[[ Data for analysis open ]]

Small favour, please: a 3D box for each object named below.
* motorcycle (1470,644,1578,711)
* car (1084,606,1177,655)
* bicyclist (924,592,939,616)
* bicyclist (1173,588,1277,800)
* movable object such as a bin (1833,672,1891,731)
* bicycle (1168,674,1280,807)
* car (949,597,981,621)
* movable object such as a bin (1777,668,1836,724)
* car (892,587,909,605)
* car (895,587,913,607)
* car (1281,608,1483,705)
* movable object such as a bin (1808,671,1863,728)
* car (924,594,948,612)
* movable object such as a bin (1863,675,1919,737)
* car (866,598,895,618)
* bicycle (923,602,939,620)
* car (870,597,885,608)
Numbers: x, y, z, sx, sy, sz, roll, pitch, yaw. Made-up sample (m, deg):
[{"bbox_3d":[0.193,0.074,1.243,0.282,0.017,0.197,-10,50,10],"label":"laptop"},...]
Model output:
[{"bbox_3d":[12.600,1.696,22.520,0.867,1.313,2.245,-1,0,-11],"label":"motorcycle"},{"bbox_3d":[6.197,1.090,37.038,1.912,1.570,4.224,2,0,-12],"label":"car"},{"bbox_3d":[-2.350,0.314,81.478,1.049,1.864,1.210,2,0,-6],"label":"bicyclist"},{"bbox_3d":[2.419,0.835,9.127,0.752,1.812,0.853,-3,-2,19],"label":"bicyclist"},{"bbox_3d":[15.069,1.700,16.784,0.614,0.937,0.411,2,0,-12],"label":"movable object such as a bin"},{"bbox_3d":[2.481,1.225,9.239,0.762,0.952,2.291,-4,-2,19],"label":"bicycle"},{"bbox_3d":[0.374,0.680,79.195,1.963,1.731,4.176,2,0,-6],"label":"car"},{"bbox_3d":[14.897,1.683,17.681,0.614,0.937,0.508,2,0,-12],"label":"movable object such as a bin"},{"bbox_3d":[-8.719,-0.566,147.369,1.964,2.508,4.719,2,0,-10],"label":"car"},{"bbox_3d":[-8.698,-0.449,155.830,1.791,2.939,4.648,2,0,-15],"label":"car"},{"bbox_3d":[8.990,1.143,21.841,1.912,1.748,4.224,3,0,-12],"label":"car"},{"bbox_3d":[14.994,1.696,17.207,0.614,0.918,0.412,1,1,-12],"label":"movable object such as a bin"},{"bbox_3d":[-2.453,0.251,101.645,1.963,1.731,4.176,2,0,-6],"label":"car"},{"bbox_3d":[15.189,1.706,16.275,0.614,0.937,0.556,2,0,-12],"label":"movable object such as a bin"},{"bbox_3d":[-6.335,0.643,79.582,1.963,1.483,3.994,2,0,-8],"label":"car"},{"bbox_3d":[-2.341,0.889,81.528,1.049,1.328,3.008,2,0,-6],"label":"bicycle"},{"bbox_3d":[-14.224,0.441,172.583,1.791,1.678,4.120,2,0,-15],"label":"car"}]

[[ Data for analysis closed ]]

Task goal -> Produce a precise copy of all the material above.

Your solution ->
Small favour, please: a 3D box for each object named below.
* motorcycle (1470,644,1578,711)
* car (1084,606,1177,655)
* bicyclist (924,592,939,616)
* bicyclist (1173,588,1277,800)
* movable object such as a bin (1833,672,1891,731)
* bicycle (1168,674,1280,807)
* car (949,597,981,621)
* movable object such as a bin (1777,668,1836,724)
* car (892,587,909,605)
* car (895,587,913,607)
* car (1281,608,1483,705)
* movable object such as a bin (1808,671,1863,728)
* car (924,594,948,612)
* movable object such as a bin (1863,675,1919,737)
* car (866,598,895,618)
* bicycle (923,602,939,620)
* car (870,597,885,608)
Numbers: x, y, z, sx, sy, sz, roll, pitch, yaw. Made-up sample (m, deg):
[{"bbox_3d":[0.193,0.074,1.243,0.282,0.017,0.197,-10,50,10],"label":"laptop"},...]
Model output:
[{"bbox_3d":[12.600,1.696,22.520,0.867,1.313,2.245,-1,0,-11],"label":"motorcycle"},{"bbox_3d":[6.197,1.090,37.038,1.912,1.570,4.224,2,0,-12],"label":"car"},{"bbox_3d":[-2.350,0.314,81.478,1.049,1.864,1.210,2,0,-6],"label":"bicyclist"},{"bbox_3d":[2.419,0.835,9.127,0.752,1.812,0.853,-3,-2,19],"label":"bicyclist"},{"bbox_3d":[15.069,1.700,16.784,0.614,0.937,0.411,2,0,-12],"label":"movable object such as a bin"},{"bbox_3d":[2.481,1.225,9.239,0.762,0.952,2.291,-4,-2,19],"label":"bicycle"},{"bbox_3d":[0.374,0.680,79.195,1.963,1.731,4.176,2,0,-6],"label":"car"},{"bbox_3d":[14.897,1.683,17.681,0.614,0.937,0.508,2,0,-12],"label":"movable object such as a bin"},{"bbox_3d":[-8.719,-0.566,147.369,1.964,2.508,4.719,2,0,-10],"label":"car"},{"bbox_3d":[-8.698,-0.449,155.830,1.791,2.939,4.648,2,0,-15],"label":"car"},{"bbox_3d":[8.990,1.143,21.841,1.912,1.748,4.224,3,0,-12],"label":"car"},{"bbox_3d":[14.994,1.696,17.207,0.614,0.918,0.412,1,1,-12],"label":"movable object such as a bin"},{"bbox_3d":[-2.453,0.251,101.645,1.963,1.731,4.176,2,0,-6],"label":"car"},{"bbox_3d":[15.189,1.706,16.275,0.614,0.937,0.556,2,0,-12],"label":"movable object such as a bin"},{"bbox_3d":[-6.335,0.643,79.582,1.963,1.483,3.994,2,0,-8],"label":"car"},{"bbox_3d":[-2.341,0.889,81.528,1.049,1.328,3.008,2,0,-6],"label":"bicycle"},{"bbox_3d":[-14.224,0.441,172.583,1.791,1.678,4.120,2,0,-15],"label":"car"}]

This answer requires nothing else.